## Material for this exercise
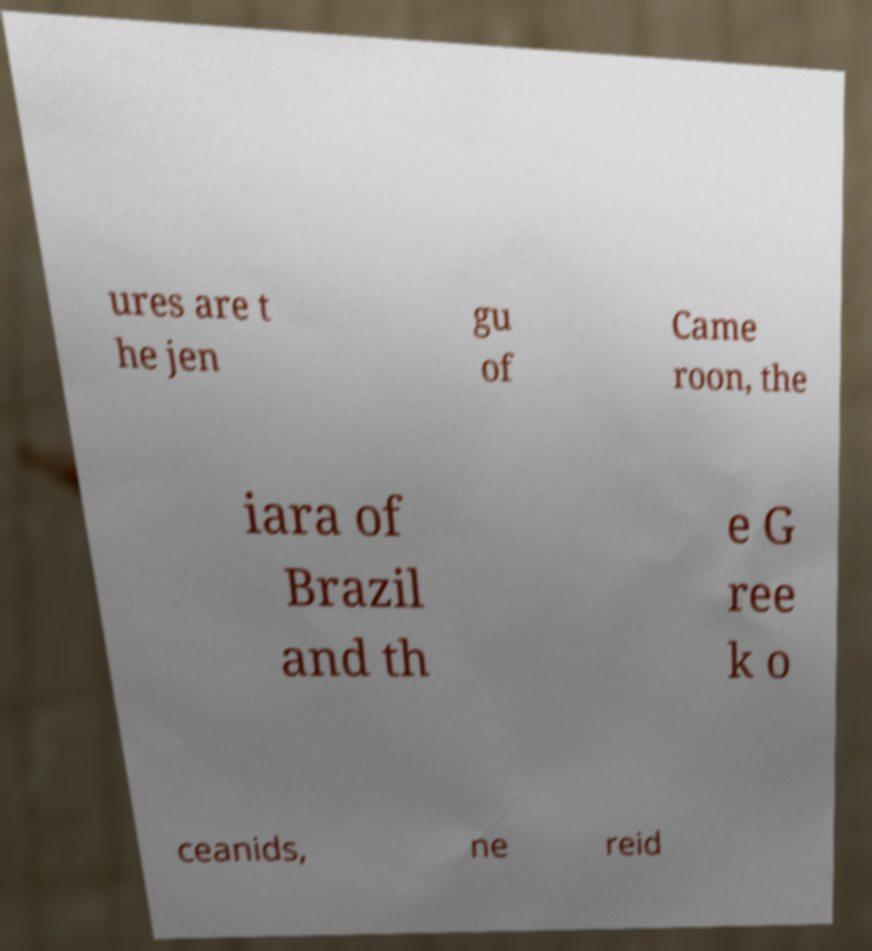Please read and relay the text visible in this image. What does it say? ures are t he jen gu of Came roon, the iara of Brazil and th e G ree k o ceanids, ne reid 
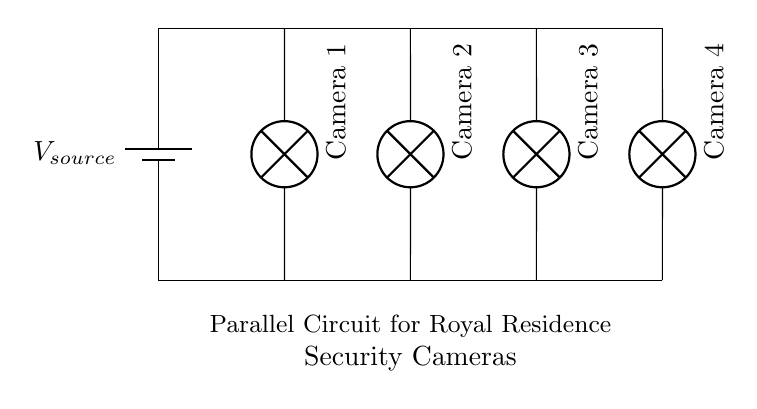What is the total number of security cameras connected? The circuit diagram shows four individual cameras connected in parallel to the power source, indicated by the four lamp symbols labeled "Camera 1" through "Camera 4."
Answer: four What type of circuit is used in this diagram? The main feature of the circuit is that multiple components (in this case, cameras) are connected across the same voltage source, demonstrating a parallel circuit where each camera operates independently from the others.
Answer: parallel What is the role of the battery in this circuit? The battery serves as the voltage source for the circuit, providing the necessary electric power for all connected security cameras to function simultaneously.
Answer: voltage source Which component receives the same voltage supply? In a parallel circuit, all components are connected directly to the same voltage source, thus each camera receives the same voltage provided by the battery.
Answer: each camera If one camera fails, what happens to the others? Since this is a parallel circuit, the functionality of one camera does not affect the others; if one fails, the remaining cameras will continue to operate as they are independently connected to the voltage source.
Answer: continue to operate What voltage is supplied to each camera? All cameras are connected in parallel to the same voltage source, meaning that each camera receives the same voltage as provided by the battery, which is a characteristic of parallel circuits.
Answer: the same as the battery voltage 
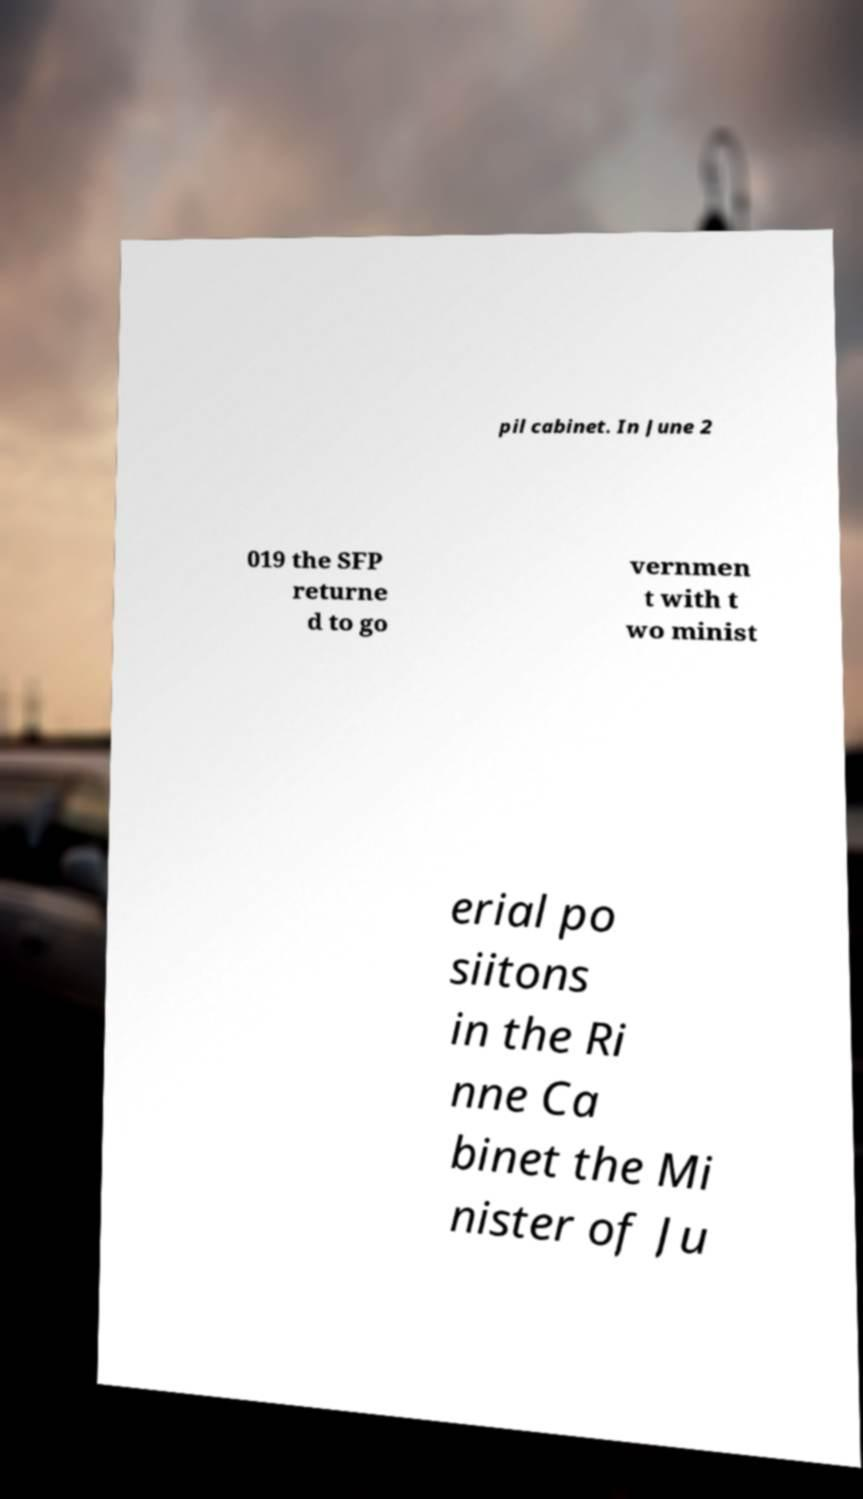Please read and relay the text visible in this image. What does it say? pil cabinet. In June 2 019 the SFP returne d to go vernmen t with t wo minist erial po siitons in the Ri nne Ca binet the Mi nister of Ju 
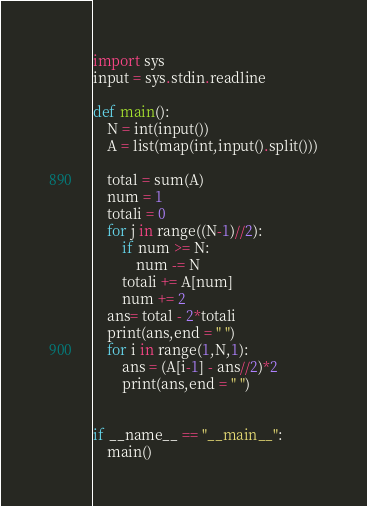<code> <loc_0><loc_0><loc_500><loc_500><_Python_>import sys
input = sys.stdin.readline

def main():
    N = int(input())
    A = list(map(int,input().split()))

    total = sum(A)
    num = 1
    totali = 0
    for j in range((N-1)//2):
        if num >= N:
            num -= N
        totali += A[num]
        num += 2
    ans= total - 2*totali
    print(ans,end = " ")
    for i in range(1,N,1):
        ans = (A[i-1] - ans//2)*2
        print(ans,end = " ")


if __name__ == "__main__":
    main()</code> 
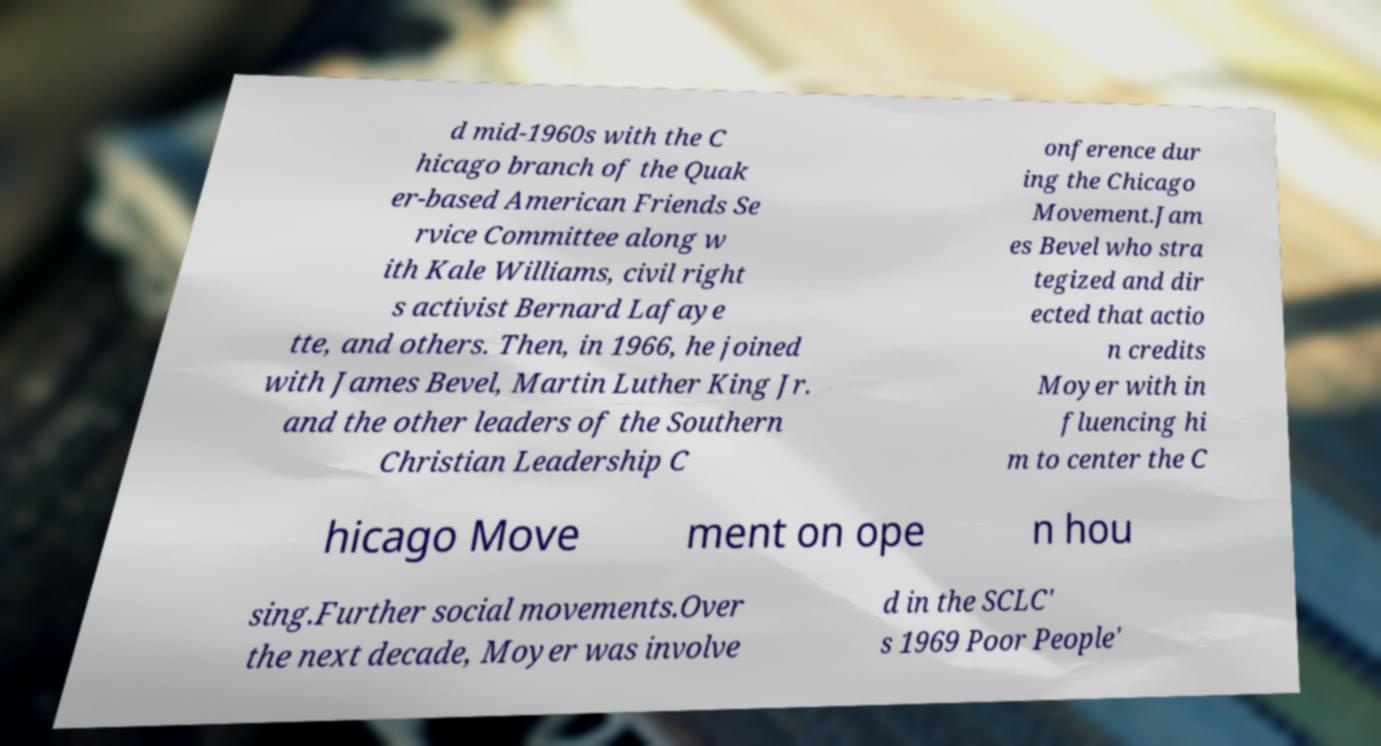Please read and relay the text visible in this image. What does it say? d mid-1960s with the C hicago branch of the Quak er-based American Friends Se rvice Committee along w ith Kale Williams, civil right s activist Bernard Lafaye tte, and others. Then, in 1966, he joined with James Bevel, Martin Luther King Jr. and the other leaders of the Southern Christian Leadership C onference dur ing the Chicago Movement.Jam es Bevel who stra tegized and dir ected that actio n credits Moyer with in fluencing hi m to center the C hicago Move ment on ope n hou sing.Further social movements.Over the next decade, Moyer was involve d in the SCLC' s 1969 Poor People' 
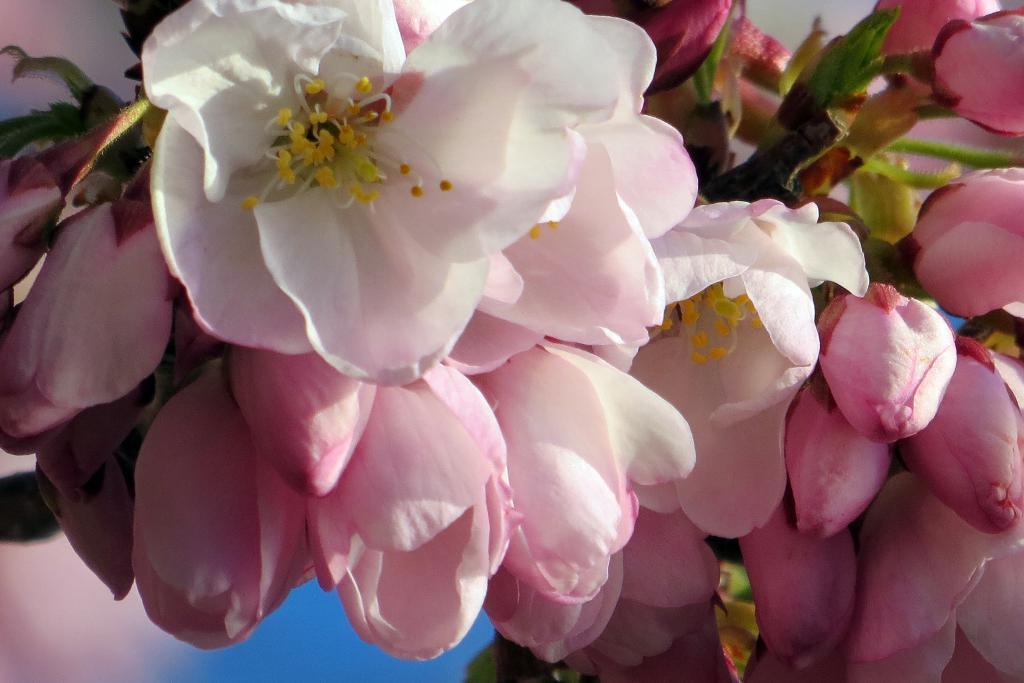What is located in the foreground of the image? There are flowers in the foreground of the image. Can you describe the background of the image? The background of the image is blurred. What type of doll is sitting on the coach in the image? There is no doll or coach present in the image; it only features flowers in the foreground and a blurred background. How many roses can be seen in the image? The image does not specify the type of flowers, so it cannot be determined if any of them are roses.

## Your objective
Transcribe exactly and only the lines from the top of the records through the line containing "What is the total", inclusive, and do not copy the pictures.

## Your response
Please read and relay the text visible in this image. What does it say? ures are t he jen gu of Came roon, the iara of Brazil and th e G ree k o ceanids, ne reid 
What is the total number of security cameras connected? The circuit diagram shows four individual cameras connected in parallel to the power source, indicated by the four lamp symbols labeled "Camera 1" through "Camera 4."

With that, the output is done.